(Items from a data source)
§ §

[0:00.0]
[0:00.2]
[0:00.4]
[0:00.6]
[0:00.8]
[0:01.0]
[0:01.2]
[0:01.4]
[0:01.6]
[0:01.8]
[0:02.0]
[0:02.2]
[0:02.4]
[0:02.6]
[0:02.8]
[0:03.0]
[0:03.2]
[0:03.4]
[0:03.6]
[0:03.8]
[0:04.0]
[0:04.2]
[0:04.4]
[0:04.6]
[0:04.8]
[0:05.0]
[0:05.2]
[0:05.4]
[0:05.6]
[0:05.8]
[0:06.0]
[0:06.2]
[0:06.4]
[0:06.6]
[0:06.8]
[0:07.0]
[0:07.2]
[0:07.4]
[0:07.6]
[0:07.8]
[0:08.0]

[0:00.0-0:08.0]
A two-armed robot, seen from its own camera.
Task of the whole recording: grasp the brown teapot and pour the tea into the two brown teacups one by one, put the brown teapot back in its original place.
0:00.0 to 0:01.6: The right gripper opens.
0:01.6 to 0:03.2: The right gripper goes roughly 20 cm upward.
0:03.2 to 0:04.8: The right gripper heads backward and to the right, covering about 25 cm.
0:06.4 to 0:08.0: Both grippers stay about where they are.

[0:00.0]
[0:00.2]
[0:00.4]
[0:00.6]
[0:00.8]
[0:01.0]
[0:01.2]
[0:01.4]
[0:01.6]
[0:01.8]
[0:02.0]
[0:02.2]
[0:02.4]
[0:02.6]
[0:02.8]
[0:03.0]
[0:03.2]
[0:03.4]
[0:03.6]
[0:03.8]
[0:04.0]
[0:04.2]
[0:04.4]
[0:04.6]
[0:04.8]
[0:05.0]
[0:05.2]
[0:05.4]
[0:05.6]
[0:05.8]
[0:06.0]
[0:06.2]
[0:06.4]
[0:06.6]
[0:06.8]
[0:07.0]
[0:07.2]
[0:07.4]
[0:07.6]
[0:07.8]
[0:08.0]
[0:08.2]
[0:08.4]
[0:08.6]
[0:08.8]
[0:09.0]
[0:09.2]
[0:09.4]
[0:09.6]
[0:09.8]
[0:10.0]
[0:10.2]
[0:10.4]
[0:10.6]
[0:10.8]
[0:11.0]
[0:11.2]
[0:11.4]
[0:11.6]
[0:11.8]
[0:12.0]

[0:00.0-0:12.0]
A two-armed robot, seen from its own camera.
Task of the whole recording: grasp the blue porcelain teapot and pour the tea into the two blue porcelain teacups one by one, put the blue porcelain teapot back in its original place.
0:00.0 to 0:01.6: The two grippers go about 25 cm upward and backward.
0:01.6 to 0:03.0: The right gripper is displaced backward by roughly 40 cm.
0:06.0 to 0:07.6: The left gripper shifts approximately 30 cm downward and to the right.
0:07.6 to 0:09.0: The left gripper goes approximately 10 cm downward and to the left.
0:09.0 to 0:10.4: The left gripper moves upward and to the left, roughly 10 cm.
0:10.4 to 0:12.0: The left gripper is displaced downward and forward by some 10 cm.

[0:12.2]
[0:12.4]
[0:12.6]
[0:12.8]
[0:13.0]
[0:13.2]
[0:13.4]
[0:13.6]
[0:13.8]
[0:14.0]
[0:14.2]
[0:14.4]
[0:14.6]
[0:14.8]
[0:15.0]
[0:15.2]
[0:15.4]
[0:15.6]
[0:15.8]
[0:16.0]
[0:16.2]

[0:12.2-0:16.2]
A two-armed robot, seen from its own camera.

§ §

TASK REQUIREMENTS –
Each record is to be retyped exactly as written.

ANSWER TO THE EXERCISE –
[0:00.0]
[0:00.2]
[0:00.4]
[0:00.6]
[0:00.8]
[0:01.0]
[0:01.2]
[0:01.4]
[0:01.6]
[0:01.8]
[0:02.0]
[0:02.2]
[0:02.4]
[0:02.6]
[0:02.8]
[0:03.0]
[0:03.2]
[0:03.4]
[0:03.6]
[0:03.8]
[0:04.0]
[0:04.2]
[0:04.4]
[0:04.6]
[0:04.8]
[0:05.0]
[0:05.2]
[0:05.4]
[0:05.6]
[0:05.8]
[0:06.0]
[0:06.2]
[0:06.4]
[0:06.6]
[0:06.8]
[0:07.0]
[0:07.2]
[0:07.4]
[0:07.6]
[0:07.8]
[0:08.0]

[0:00.0-0:08.0]
A two-armed robot, seen from its own camera.
Task of the whole recording: grasp the brown teapot and pour the tea into the two brown teacups one by one, put the brown teapot back in its original place.
0:00.0 to 0:01.6: The right gripper opens.
0:01.6 to 0:03.2: The right gripper goes roughly 20 cm upward.
0:03.2 to 0:04.8: The right gripper heads backward and to the right, covering about 25 cm.
0:06.4 to 0:08.0: Both grippers stay about where they are.

[0:00.0]
[0:00.2]
[0:00.4]
[0:00.6]
[0:00.8]
[0:01.0]
[0:01.2]
[0:01.4]
[0:01.6]
[0:01.8]
[0:02.0]
[0:02.2]
[0:02.4]
[0:02.6]
[0:02.8]
[0:03.0]
[0:03.2]
[0:03.4]
[0:03.6]
[0:03.8]
[0:04.0]
[0:04.2]
[0:04.4]
[0:04.6]
[0:04.8]
[0:05.0]
[0:05.2]
[0:05.4]
[0:05.6]
[0:05.8]
[0:06.0]
[0:06.2]
[0:06.4]
[0:06.6]
[0:06.8]
[0:07.0]
[0:07.2]
[0:07.4]
[0:07.6]
[0:07.8]
[0:08.0]
[0:08.2]
[0:08.4]
[0:08.6]
[0:08.8]
[0:09.0]
[0:09.2]
[0:09.4]
[0:09.6]
[0:09.8]
[0:10.0]
[0:10.2]
[0:10.4]
[0:10.6]
[0:10.8]
[0:11.0]
[0:11.2]
[0:11.4]
[0:11.6]
[0:11.8]
[0:12.0]

[0:00.0-0:12.0]
A two-armed robot, seen from its own camera.
Task of the whole recording: grasp the blue porcelain teapot and pour the tea into the two blue porcelain teacups one by one, put the blue porcelain teapot back in its original place.
0:00.0 to 0:01.6: The two grippers go about 25 cm upward and backward.
0:01.6 to 0:03.0: The right gripper is displaced backward by roughly 40 cm.
0:06.0 to 0:07.6: The left gripper shifts approximately 30 cm downward and to the right.
0:07.6 to 0:09.0: The left gripper goes approximately 10 cm downward and to the left.
0:09.0 to 0:10.4: The left gripper moves upward and to the left, roughly 10 cm.
0:10.4 to 0:12.0: The left gripper is displaced downward and forward by some 10 cm.

[0:12.2]
[0:12.4]
[0:12.6]
[0:12.8]
[0:13.0]
[0:13.2]
[0:13.4]
[0:13.6]
[0:13.8]
[0:14.0]
[0:14.2]
[0:14.4]
[0:14.6]
[0:14.8]
[0:15.0]
[0:15.2]
[0:15.4]
[0:15.6]
[0:15.8]
[0:16.0]
[0:16.2]

[0:12.2-0:16.2]
A two-armed robot, seen from its own camera.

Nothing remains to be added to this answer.